** Opening Material shown block **

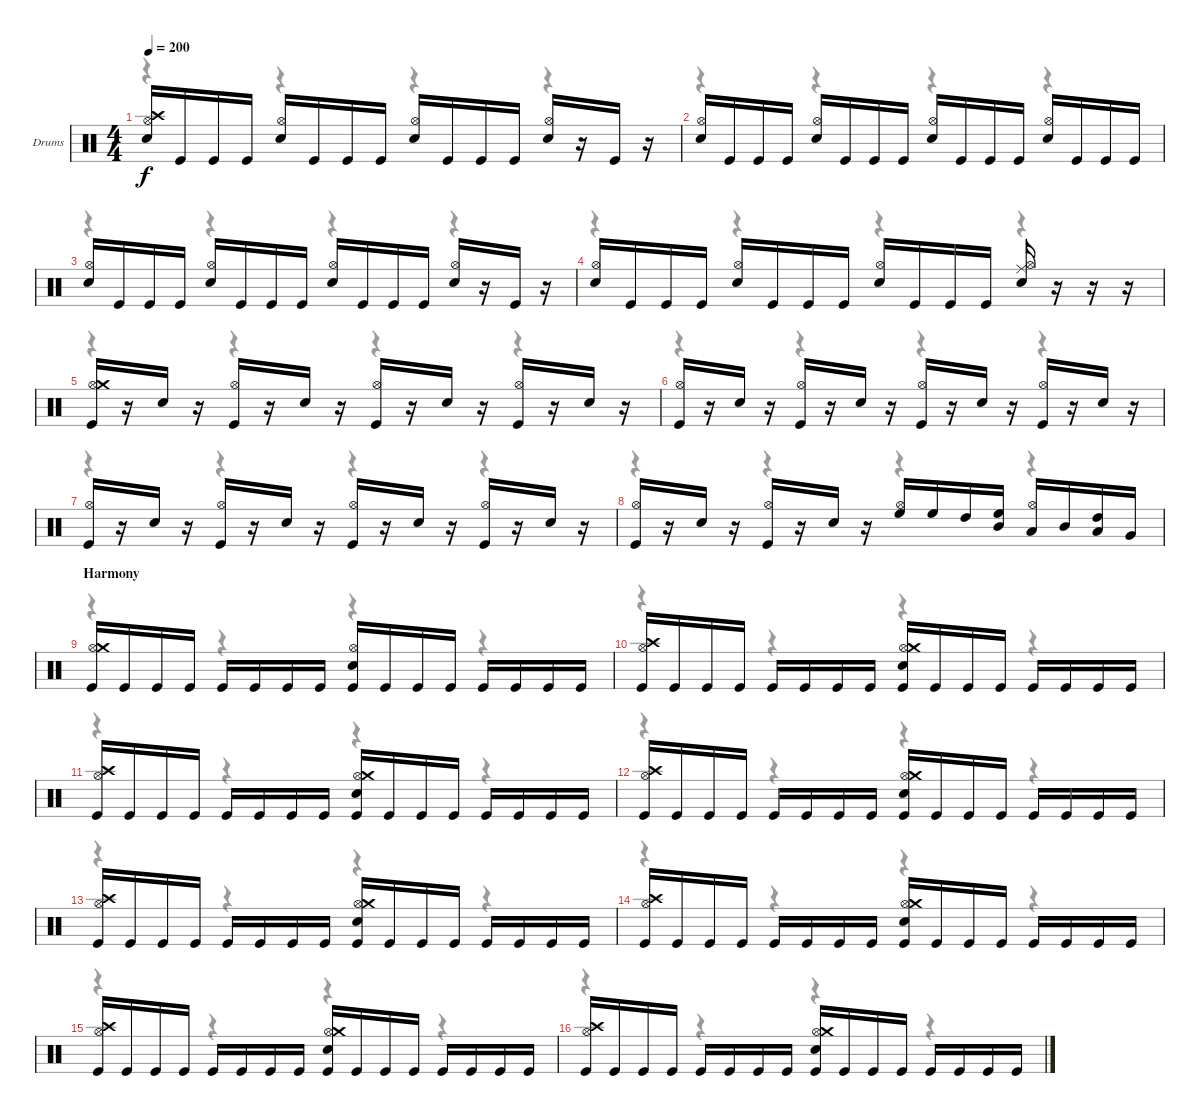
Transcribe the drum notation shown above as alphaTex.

\bracketExtendMode nobrackets
\firstSystemTrackNameOrientation horizontal
\otherSystemsTrackNameOrientation horizontal
\track ("Drumkit" "Drums") {instrument percussion}
\staff {score}
\articulation defaults
\voice
\ts (4 4)
\tempo 200
\clef neutral
\ks c
("Snare (hit) 2" "Hi-Hat (open)" "Crash high (hit)").16{dy f} "Kick (hit)".16 "Kick (hit)".16 "Kick (hit)".16 ("Snare (hit) 2" "Hi-Hat (open)").16 "Kick (hit)".16 "Kick (hit)".16 "Kick (hit)".16 ("Hi-Hat (open)" "Snare (hit) 2").16 "Kick (hit)".16 "Kick (hit)".16 "Kick (hit)".16 ("Hi-Hat (open)" "Snare (hit) 2").16 r.16 "Kick (hit)".16 r.16 |
("Snare (hit) 2" "Hi-Hat (open)").16 "Kick (hit)".16 "Kick (hit)".16 "Kick (hit)".16 ("Snare (hit) 2" "Hi-Hat (open)").16 "Kick (hit)".16 "Kick (hit)".16 "Kick (hit)".16 ("Snare (hit) 2" "Hi-Hat (open)").16 "Kick (hit)".16 "Kick (hit)".16 "Kick (hit)".16 ("Hi-Hat (open)" "Snare (hit) 2").16 "Kick (hit)".16 "Kick (hit)".16 "Kick (hit)".16 |
("Snare (hit) 2" "Hi-Hat (open)").16 "Kick (hit)".16 "Kick (hit)".16 "Kick (hit)".16 ("Snare (hit) 2" "Hi-Hat (open)").16 "Kick (hit)".16 "Kick (hit)".16 "Kick (hit)".16 ("Snare (hit) 2" "Hi-Hat (open)").16 "Kick (hit)".16 "Kick (hit)".16 "Kick (hit)".16 ("Snare (hit) 2" "Hi-Hat (open)").16 r.16 "Kick (hit)".16 r.16 |
("Snare (hit) 2" "Hi-Hat (open)").16 "Kick (hit)".16 "Kick (hit)".16 "Kick (hit)".16 ("Snare (hit) 2" "Hi-Hat (open)").16 "Kick (hit)".16 "Kick (hit)".16 "Kick (hit)".16 ("Snare (hit) 2" "Hi-Hat (open)").16 "Kick (hit)".16 "Kick (hit)".16 "Kick (hit)".16 ("Snare (hit) 2" "Hi-Hat (open)" "Ride (middle)").16 r.16 r.16 r.16 |
("Kick (hit)" "Hi-Hat (open)" "Crash medium (hit)").16 r.16 "Snare (hit) 2".16 r.16 ("Kick (hit)" "Hi-Hat (open)").16 r.16 "Snare (hit) 2".16 r.16 ("Kick (hit)" "Hi-Hat (open)").16 r.16 "Snare (hit) 2".16 r.16 ("Kick (hit)" "Hi-Hat (open)").16 r.16 "Snare (hit) 2".16 r.16 |
("Kick (hit)" "Hi-Hat (open)").16 r.16 "Snare (hit) 2".16 r.16 ("Kick (hit)" "Hi-Hat (open)").16 r.16 "Snare (hit) 2".16 r.16 ("Kick (hit)" "Hi-Hat (open)").16 r.16 "Snare (hit) 2".16 r.16 ("Kick (hit)" "Hi-Hat (open)").16 r.16 "Snare (hit) 2".16 r.16 |
("Kick (hit)" "Hi-Hat (open)").16 r.16 "Snare (hit) 2".16 r.16 ("Kick (hit)" "Hi-Hat (open)").16 r.16 "Snare (hit) 2".16 r.16 ("Kick (hit)" "Hi-Hat (open)").16 r.16 "Snare (hit) 2".16 r.16 ("Kick (hit)" "Hi-Hat (open)").16 r.16 "Snare (hit) 2".16 r.16 |
("Kick (hit)" "Hi-Hat (open)").16 r.16 "Snare (hit) 2".16 r.16 ("Kick (hit)" "Hi-Hat (open)").16 r.16 "Snare (hit) 2".16 r.16 ("High Floor Tom (hit)" "Hi-Hat (open)").16 "High Floor Tom (hit)".16 "High Tom (hit)".16 ("Mid Tom (hit)" "High Floor Tom (hit)").16 ("Low Tom (hit)" "Hi-Hat (open)").16 "Mid Tom (hit)".16 ("High Tom (hit)" "Low Tom (hit)").16 "Very Low Tom (hit)".16 |
\section ("" "Harmony")
("Hi-Hat (open)" "Kick (hit)" "Crash medium (hit)").16 "Kick (hit)".16 "Kick (hit)".16 "Kick (hit)".16 "Kick (hit)".16 "Kick (hit)".16 "Kick (hit)".16 "Kick (hit)".16 ("Hi-Hat (open)" "Kick (hit)" "Snare (hit) 2").16 "Kick (hit)".16 "Kick (hit)".16 "Kick (hit)".16 "Kick (hit)".16 "Kick (hit)".16 "Kick (hit)".16 "Kick (hit)".16 |
("Hi-Hat (open)" "Kick (hit)" "Crash high (hit)").16 "Kick (hit)".16 "Kick (hit)".16 "Kick (hit)".16 "Kick (hit)".16 "Kick (hit)".16 "Kick (hit)".16 "Kick (hit)".16 ("Hi-Hat (open)" "Kick (hit)" "Snare (hit) 2" "Crash medium (hit)").16 "Kick (hit)".16 "Kick (hit)".16 "Kick (hit)".16 "Kick (hit)".16 "Kick (hit)".16 "Kick (hit)".16 "Kick (hit)".16 |
("Hi-Hat (open)" "Kick (hit)" "Crash high (hit)").16 "Kick (hit)".16 "Kick (hit)".16 "Kick (hit)".16 "Kick (hit)".16 "Kick (hit)".16 "Kick (hit)".16 "Kick (hit)".16 ("Hi-Hat (open)" "Kick (hit)" "Snare (hit) 2" "Crash medium (hit)").16 "Kick (hit)".16 "Kick (hit)".16 "Kick (hit)".16 "Kick (hit)".16 "Kick (hit)".16 "Kick (hit)".16 "Kick (hit)".16 |
("Hi-Hat (open)" "Kick (hit)" "Crash high (hit)").16 "Kick (hit)".16 "Kick (hit)".16 "Kick (hit)".16 "Kick (hit)".16 "Kick (hit)".16 "Kick (hit)".16 "Kick (hit)".16 ("Hi-Hat (open)" "Kick (hit)" "Snare (hit) 2" "Crash medium (hit)").16 "Kick (hit)".16 "Kick (hit)".16 "Kick (hit)".16 "Kick (hit)".16 "Kick (hit)".16 "Kick (hit)".16 "Kick (hit)".16 |
("Hi-Hat (open)" "Kick (hit)" "Crash high (hit)").16 "Kick (hit)".16 "Kick (hit)".16 "Kick (hit)".16 "Kick (hit)".16 "Kick (hit)".16 "Kick (hit)".16 "Kick (hit)".16 ("Hi-Hat (open)" "Kick (hit)" "Snare (hit) 2" "Crash medium (hit)").16 "Kick (hit)".16 "Kick (hit)".16 "Kick (hit)".16 "Kick (hit)".16 "Kick (hit)".16 "Kick (hit)".16 "Kick (hit)".16 |
("Hi-Hat (open)" "Kick (hit)" "Crash high (hit)").16 "Kick (hit)".16 "Kick (hit)".16 "Kick (hit)".16 "Kick (hit)".16 "Kick (hit)".16 "Kick (hit)".16 "Kick (hit)".16 ("Hi-Hat (open)" "Kick (hit)" "Snare (hit) 2" "Crash medium (hit)").16 "Kick (hit)".16 "Kick (hit)".16 "Kick (hit)".16 "Kick (hit)".16 "Kick (hit)".16 "Kick (hit)".16 "Kick (hit)".16 |
("Hi-Hat (open)" "Kick (hit)" "Crash high (hit)").16 "Kick (hit)".16 "Kick (hit)".16 "Kick (hit)".16 "Kick (hit)".16 "Kick (hit)".16 "Kick (hit)".16 "Kick (hit)".16 ("Hi-Hat (open)" "Kick (hit)" "Snare (hit) 2" "Crash medium (hit)").16 "Kick (hit)".16 "Kick (hit)".16 "Kick (hit)".16 "Kick (hit)".16 "Kick (hit)".16 "Kick (hit)".16 "Kick (hit)".16 |
("Hi-Hat (open)" "Kick (hit)" "Crash high (hit)").16 "Kick (hit)".16 "Kick (hit)".16 "Kick (hit)".16 "Kick (hit)".16 "Kick (hit)".16 "Kick (hit)".16 "Kick (hit)".16 ("Hi-Hat (open)" "Kick (hit)" "Snare (hit) 2" "Crash medium (hit)").16 "Kick (hit)".16 "Kick (hit)".16 "Kick (hit)".16 "Kick (hit)".16 "Kick (hit)".16 "Kick (hit)".16 "Kick (hit)".16
\voice
\clef neutral
\ottava regular
\simile none
\ks c
r.4{dy mf} r.4 r.4 r.4 |
r.4 r.4 r.4 r.4 |
r.4 r.4 r.4 r.4 |
r.4 r.4 r.4 r.4 |
r.4 r.4 r.4 r.4 |
r.4 r.4 r.4 r.4 |
r.4 r.4 r.4 r.4 |
r.4 r.4 r.4 r.4 |
r.4 r.4 r.4 r.4 |
r.4 r.4 r.4 r.4 |
r.4 r.4 r.4 r.4 |
r.4 r.4 r.4 r.4 |
r.4 r.4 r.4 r.4 |
r.4 r.4 r.4 r.4 |
r.4 r.4 r.4 r.4 |
r.4 r.4 r.4 r.4

** Closing Material shown block **

Search the listing for the string "horizontal". Copy each line where it is found.

> Solution for this exercise:
\firstSystemTrackNameOrientation horizontal
\otherSystemsTrackNameOrientation horizontal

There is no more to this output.